Napoli

Il nuovo corso della Regione Campania parte dai binari della Circumvesuviana, da anni maglia nera dei trasporti italiani. Ieri sera, a Palazzo Santa Lucia, il neogovernatore Roberto Fico ha ricevuto per la prima volta l’amministratore di Eav, Umberto De Gregorio, per un colloquio definito "franco" ma che ha tutto il sapore di un ultimatum. Sul tavolo, il dossier rovente di una flotta obsoleta e il mistero dei 56 nuovi treni ordinati in Spagna nel 2019, di cui finora si sono viste solo tre unità.

Missione a Valencia: Fico ci mette la faccia

Il Governatore non intende aspettare i tempi della burocrazia. Insieme al vicepresidente con delega ai Trasporti, Mario Casillo, Fico ha annunciato una missione lampo negli stabilimenti della Stadler a Valencia subito dopo il prossimo consiglio regionale. L'obiettivo è chiaro: fare pressione affinché i 12 convogli previsti per giugno arrivino in tempo per salvare la stagione turistica e dare respiro ai 65mila pendolari che ogni giorno affollano le linee vesuviane.

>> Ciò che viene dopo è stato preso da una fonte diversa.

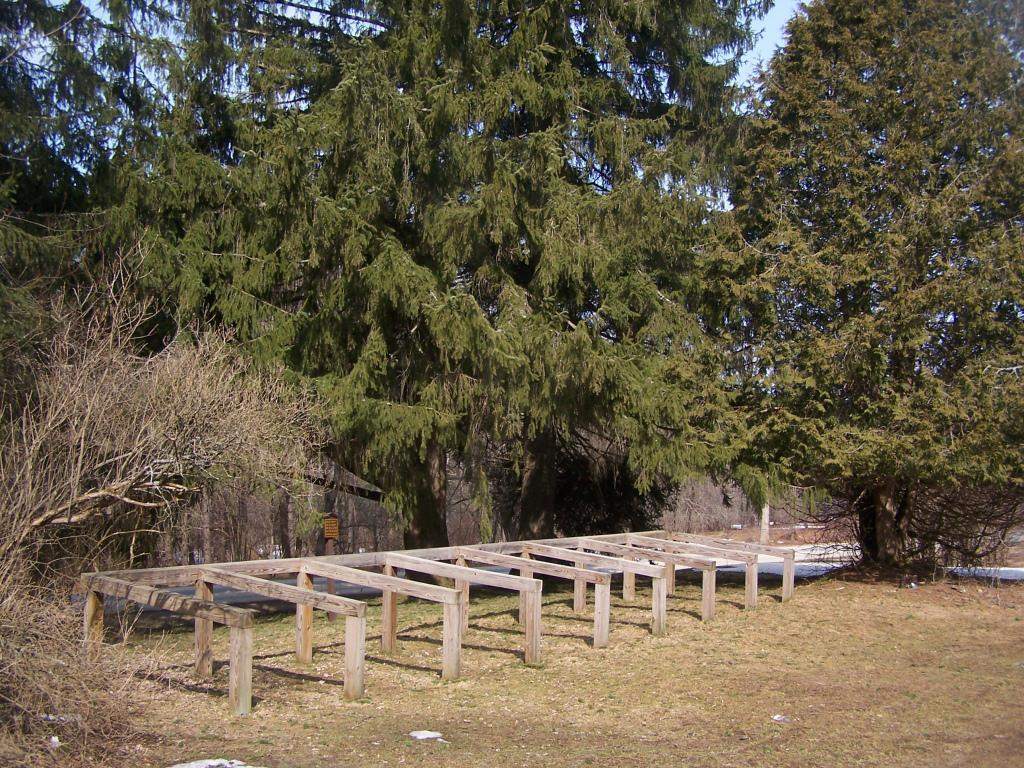What type of material is used to make the sticks in the image? The sticks in the image are made of wood. What type of vegetation is present in the image? There is grass and trees in the image. What part of the natural environment is visible in the image? The sky is visible in the image. What type of smoke can be seen coming from the trees in the image? There is no smoke present in the image; it features wooden sticks, grass, trees, and the sky. 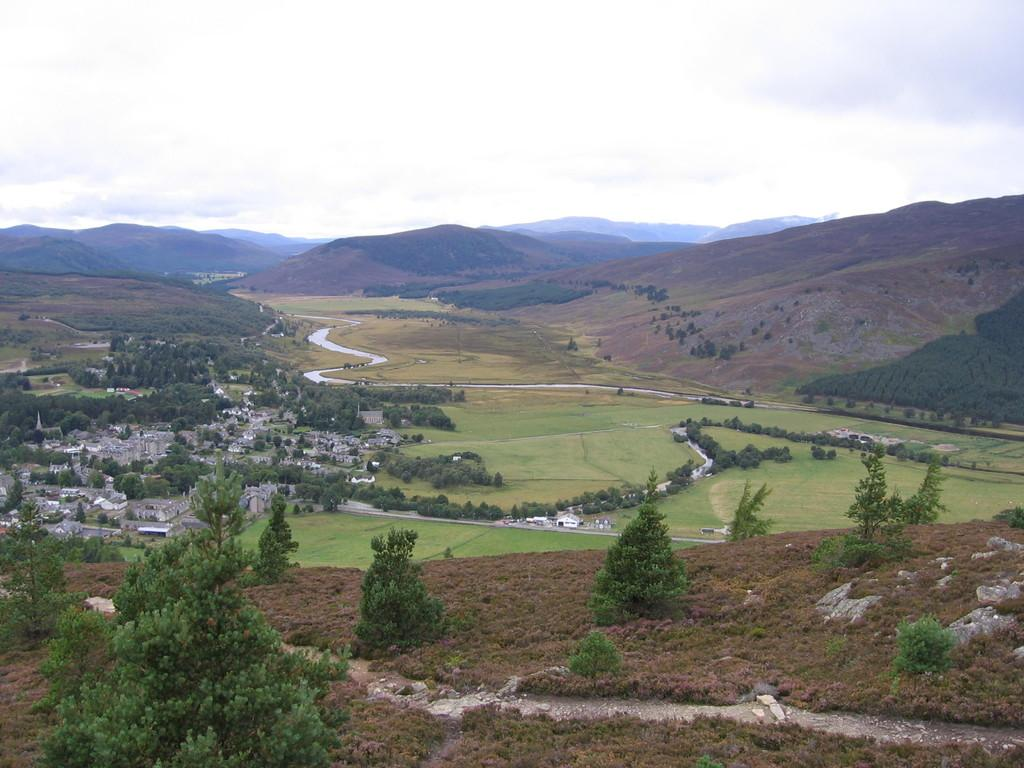What type of terrain is visible in the image? There is ground visible in the image, and there is grass present as well. What type of structures can be seen in the image? There are buildings in the image. What type of vegetation is present in the image? There are green trees in the image. What type of pathway is visible in the image? There is a road in the image. What can be seen in the background of the image? Mountains and the sky are visible in the background of the image. Where is the library located in the image? There is no library present in the image. What type of quilt is draped over the mountains in the image? There is no quilt present in the image; it is a natural landscape with mountains and the sky.

"Il trasporto pubblico deve essere un diritto e non un ostacolo quotidiano per studenti e lavoratori", ha sottolineato Fico, mettendo nel mirino non solo la carenza di mezzi, ma anche lo stato di abbandono e la scarsa manutenzione delle stazioni.

Il destino di De Gregorio: manager o capro espiatorio?

Nonostante il clima istituzionale, il futuro di Umberto De Gregorio – storico manager dell’era De Luca – resta un'incognita. Sebbene durante il vertice non si sia parlato esplicitamente di poltrone, negli uffici della Regione si stanno già "facendo le pulci" al suo doppio contratto di Presidente e Direttore Generale (quest’ultimo da 182mila euro lordi).

L'ipotesi di un cambio della guardia è concreta. Casillo spinge per una separazione netta tra la gestione delle infrastrutture e quella del servizio, mentre Fico sembra intenzionato a valutare se i disservizi cronici siano imputabili esclusivamente ai ritardi spagnoli o a una gestione manageriale ormai giunta al capolinea. De Gregorio, dal canto suo, si dice sereno: "In dieci anni mi sono assunto responsabilità enormi, non serve un capro espiatorio".

La strategia della nuova giunta si delineerà nelle prossime tre o quattro settimane. Non si tratta solo di sostituire i vertici, ma di capire se l'attuale modello di Eav sia ancora sostenibile o se serva una rivoluzione strutturale per intercettare nuovi canali di finanziamento. Il tempo delle promesse elettorali è finito: con la missione in Spagna, Fico ha scelto di legare la sua immagine alla risoluzione del "caso Circumvesuviana". Resta da vedere se la trasferta a Valencia basterà a sbloccare la vicenda o se per la svolta servirà un cambio radicale nella cabina di regia dell'Eav.